[Cython] CEP1000: Native dispatch through callables

Fri Apr 13 14:27:48 CEST 2012

Dag Sverre Seljebotn, 13.04.2012 13:59:
> On 04/13/2012 01:38 PM, Stefan Behnel wrote:
>> Robert Bradshaw, 13.04.2012 12:17:
>>> On Fri, Apr 13, 2012 at 1:52 AM, Dag Sverre Seljebotn wrote:
>>>> On 04/13/2012 01:38 AM, Robert Bradshaw wrote:
>>>>> Minor nit: I don't think should_dereference is worth branching on, if
>>>>> one wants to save the allocation one can still use a variable-sized
>>>>> type and point to oneself. Yes, that's an extra dereference, but the
>>>>> memory is already likely close and it greatly simplifies the logic.
>>>>> But I could be wrong here.
>>>>
>>>>
>>>> Those minor nits are exactly what I seek; since Travis will have the first
>>>> implementation in numba<->SciPy, I just want to make sure that what he
>>>> does will work efficiently work Cython.
>>>
>>> I have to admit building/invoking these var-arg-sized __nativecall__
>>> records seems painful. Here's another suggestion:
>>>
>>> struct {
>>>      void* pointer;
>>>      size_t signature; // compressed binary representation, 95% coverage
> 
> Once you start passing around functions that take memory view slices as
> arguments, that 95% estimate will be off I think.
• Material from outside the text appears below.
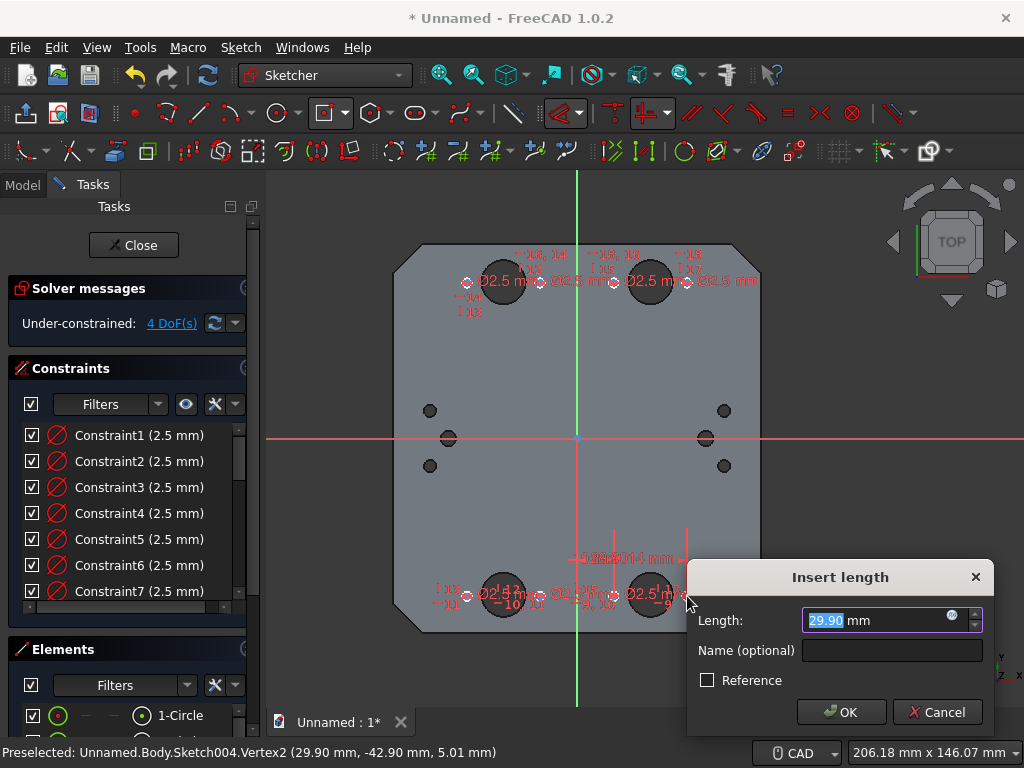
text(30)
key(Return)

Yes, I really think it makes sense to keeps IDs unique only over the
runtime of the application. (Note that using ssize_t instead of size_t
would allow setting the ID to -1 to disable signature matching, in case
that's ever needed.)

>>>      char* long_signature; // used if signature is not representable in
>>> a size_t, as indicated by signature = 0
>>> } record;
>>>
>>> These char* could optionally be allocated at the end of the record*
>>> for optimal locality. We could even dispense with the binary
>>> signature, but having that option allows us to avoid strcmp for stuff
>>> like d)d and ffi)f.
>>
>> Assuming we use literals and a const char* for the signature, the C
>> compiler would cut down the number of signature strings automatically for
>> us. And a pointer comparison is the same as a size_t comparison.
> 
> I'll go one further: Intern Python bytes objects. It's just a PyObject*,
> but it's *required* (or just strongly encouraged) to have gone through
> 
> sig = sys.modules['_nativecall']['interned_db'].setdefault(sig, sig)
> 
> Obviously in a PEP you'd have a C-API function for such interning
> (completely standalone utility). Performance of interning operation itself
> doesn't matter...
> 
> Unless CPython has interning features itself, like in Java? Was that
> present back in the day and then ripped out?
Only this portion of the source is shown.